Although HR 1 focuses on voting and campaign finance, the House speaker said that if the legislation passes, it will make it easier for Democrats to address other items on their agenda:
If we come down on the side of the people’s interests not the special interests, we will be able to have policies that are for the people, policies that help us build back better, end a pandemic, address economic disparities, end gun violence by promoting gun violence prevention which we hope to do shortly, to have a national reckoning on racial injustice, and to address the surging climate crisis, just to name a few.
“Build back better” was a Biden campaign slogan.
The legislation also would set up federally funded campaigns for national office, providing a 6-1 match.
“HR 1 sends public dollars to fund political campaigns, not to build roads or bridges, but to add 600% to every small dollar donated by Americans,” House Minority Leader Kevin McCarthy, R-Calif., said in a video posted ahead of the vote.
McCarthy said the more appropriate title for the bill, rather than the For the People Act, would be the “For the Politicians Act.” He said:
HR 1 would legalize voting for convicted felons all over the country even if they were convicted of election fraud. … In most cases, this would actually prevent officials from removing ineligible voters from the rolls, and would make it much more difficult to verify the accuracy of voter information, so future voters might be underage, dead, or illegal immigrants.
If enacted, the law also would require states to restore voting rights for felons as soon as their sentences are completed.
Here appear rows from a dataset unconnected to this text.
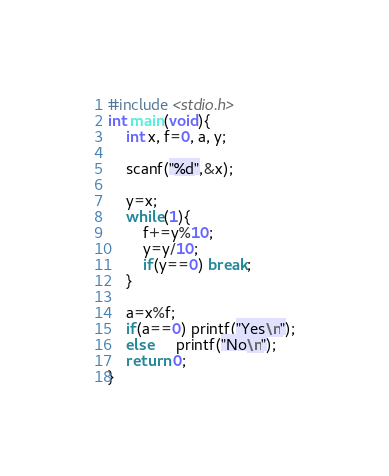<code> <loc_0><loc_0><loc_500><loc_500><_C_>#include <stdio.h>
int main(void){
    int x, f=0, a, y;
    
    scanf("%d",&x);
    
    y=x;
    while(1){
        f+=y%10;
        y=y/10;
        if(y==0) break;
    }
    
    a=x%f;
    if(a==0) printf("Yes\n");
    else     printf("No\n");
    return 0;
}</code> 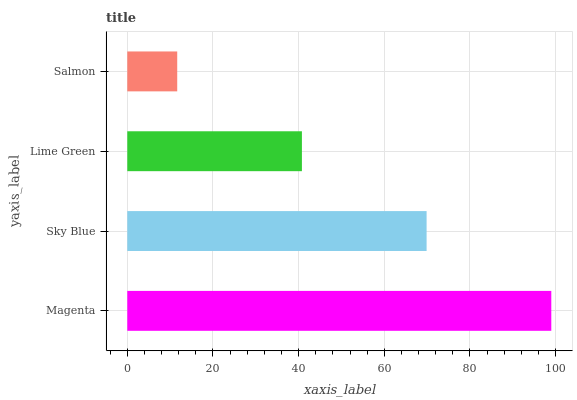Is Salmon the minimum?
Answer yes or no. Yes. Is Magenta the maximum?
Answer yes or no. Yes. Is Sky Blue the minimum?
Answer yes or no. No. Is Sky Blue the maximum?
Answer yes or no. No. Is Magenta greater than Sky Blue?
Answer yes or no. Yes. Is Sky Blue less than Magenta?
Answer yes or no. Yes. Is Sky Blue greater than Magenta?
Answer yes or no. No. Is Magenta less than Sky Blue?
Answer yes or no. No. Is Sky Blue the high median?
Answer yes or no. Yes. Is Lime Green the low median?
Answer yes or no. Yes. Is Lime Green the high median?
Answer yes or no. No. Is Magenta the low median?
Answer yes or no. No. 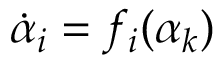<formula> <loc_0><loc_0><loc_500><loc_500>\dot { \alpha } _ { i } = f _ { i } ( \alpha _ { k } )</formula> 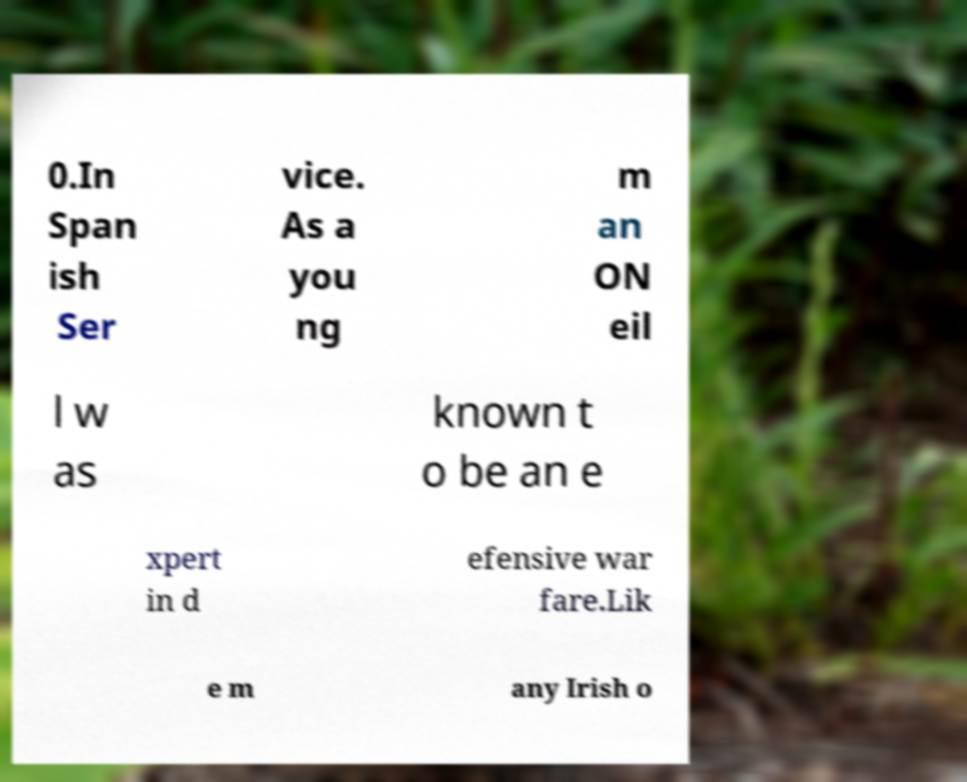I need the written content from this picture converted into text. Can you do that? 0.In Span ish Ser vice. As a you ng m an ON eil l w as known t o be an e xpert in d efensive war fare.Lik e m any Irish o 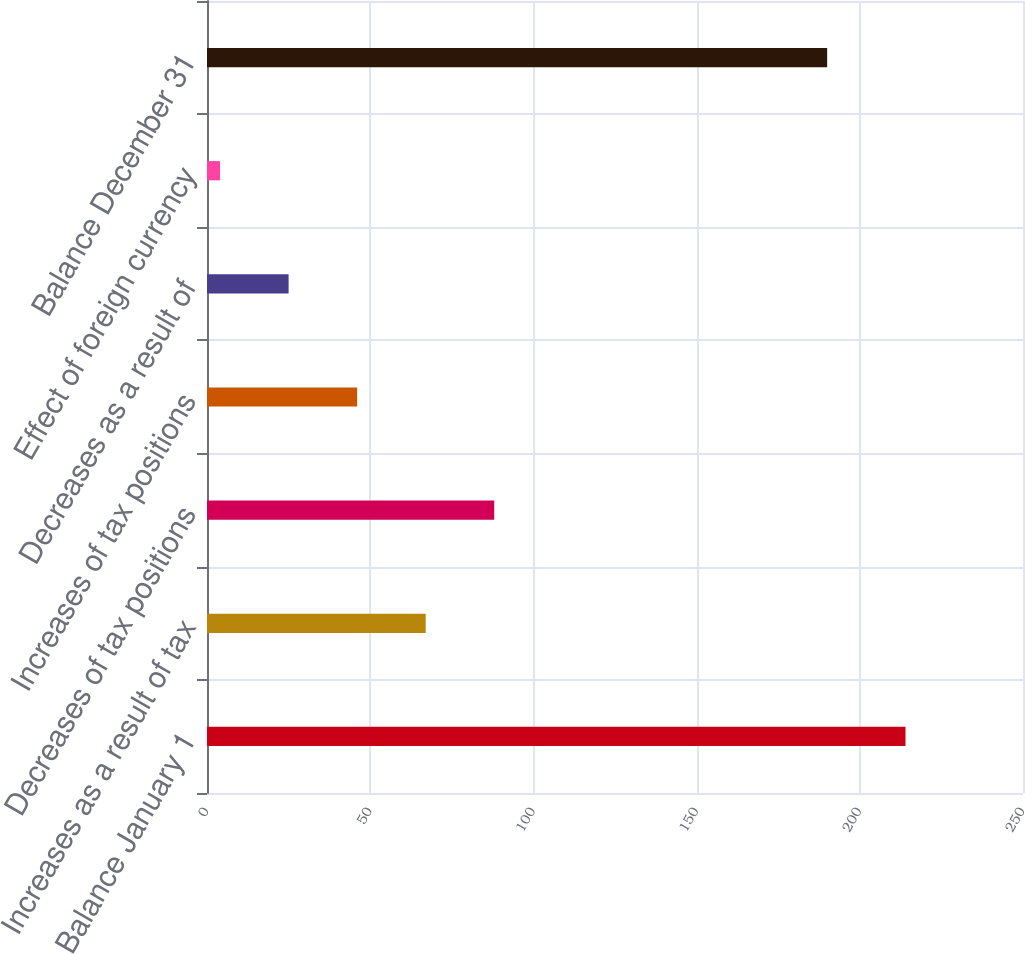<chart> <loc_0><loc_0><loc_500><loc_500><bar_chart><fcel>Balance January 1<fcel>Increases as a result of tax<fcel>Decreases of tax positions<fcel>Increases of tax positions<fcel>Decreases as a result of<fcel>Effect of foreign currency<fcel>Balance December 31<nl><fcel>214<fcel>67<fcel>88<fcel>46<fcel>25<fcel>4<fcel>190<nl></chart> 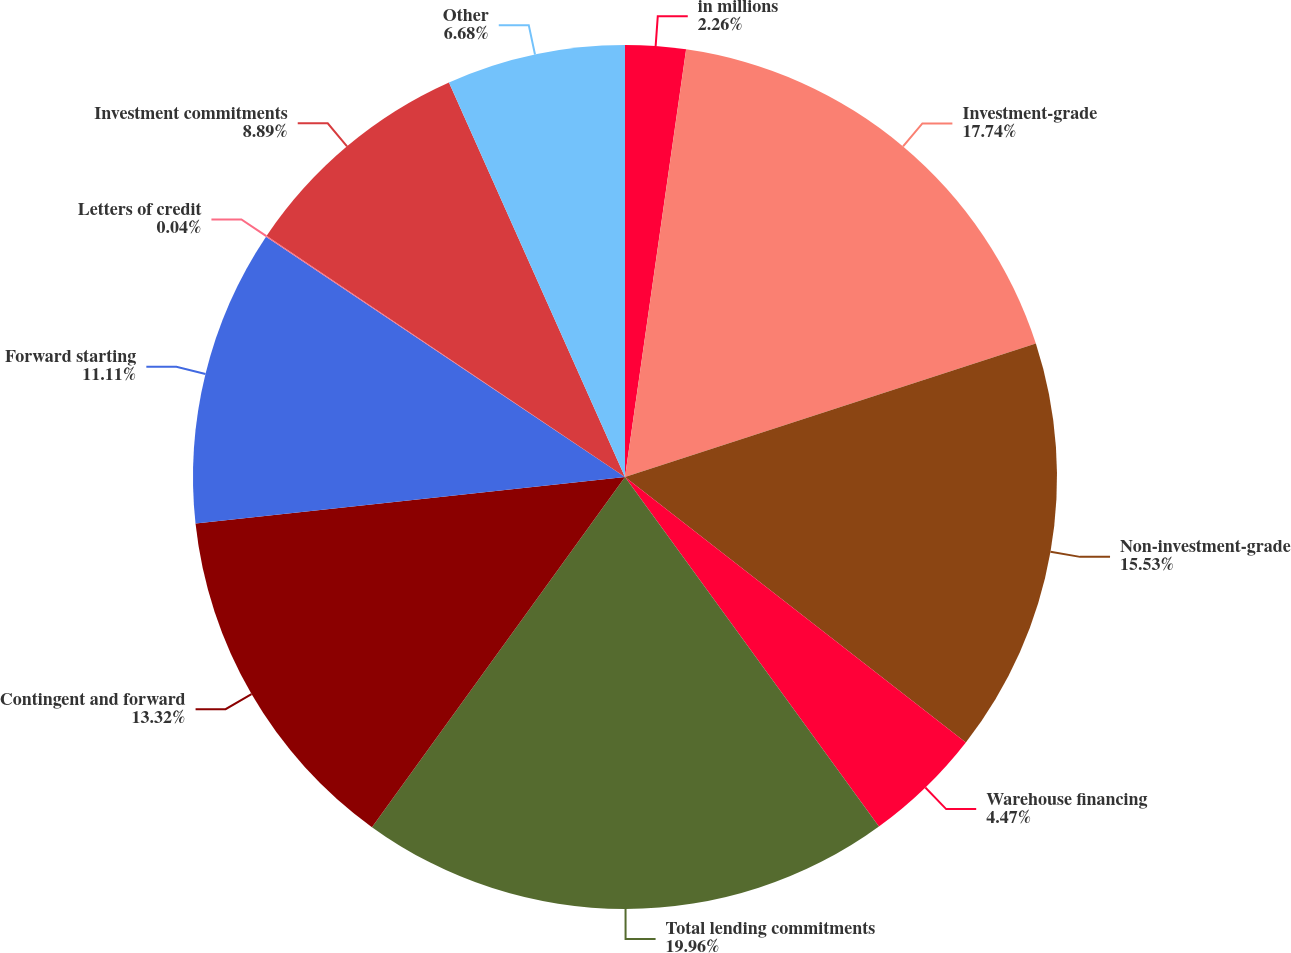<chart> <loc_0><loc_0><loc_500><loc_500><pie_chart><fcel>in millions<fcel>Investment-grade<fcel>Non-investment-grade<fcel>Warehouse financing<fcel>Total lending commitments<fcel>Contingent and forward<fcel>Forward starting<fcel>Letters of credit<fcel>Investment commitments<fcel>Other<nl><fcel>2.26%<fcel>17.74%<fcel>15.53%<fcel>4.47%<fcel>19.96%<fcel>13.32%<fcel>11.11%<fcel>0.04%<fcel>8.89%<fcel>6.68%<nl></chart>

This provision faces a constitutional test, because Section 2 of the 14th Amendment grants states the authority to decide if and when felons may vote again.
The bill would require states to allow Election Day voter registration and online voter registration, which critics say is more prone to fraud. At the same time, it would make it more difficult for election officials to know whether the number of votes cast in their jurisdiction aligns with the number of eligible voters.
States would be required to automatically register all individuals to vote without that individual taking the initiative. States would pull voter information from state and government databases, such as a state Department of Motor Vehicles, the U.S. Social Security Administration, or corrections and welfare agencies. Such databases are not limited to U.S. citizens, the only ones legally eligible to vote in federal and state elections.
The legislation also would require states to allow teens age 16 and 17 to register to vote. However, a voter still would not be legally allowed to vote until age 18.
Some states already allow voters to cast a ballot in a primary at age 17 if they will be 18 by the time of the general election.
If the bill is enacted, the federal government would require states to count all ballots that a voter cast, even in the wrong precinct.
The legislation also would overhaul redistricting for election purposes after the next census. It would require states to appoint bureaucracies to draw congressional districts rather than allow state legislatures to draw the districts.
Also, the measure would require that noncitizens, both legal and illegal, be counted in drawing up congressional districts. This provision is particularly prone to a constitutional challenge because states long have had purview over the drawing of election districts.
The legislation would restrict jurisdictions in how they clean up voter registration rolls. Election officials could not evaluate voter eligibility through the U.S. Postal Service’s national change-of-address system to verify the address of registered voters. Election officials also would be restricted from using state programs that compare registration lists to determine whether individuals are registered in multiple states.
The six-member Federal Election Commission would cease being an evenly divided, bipartisan body with three members from each political party. The legislation would limit the presidentially appointed FEC to five members, with one side getting a partisan advantage.
Ken McIntyre contributed to this report.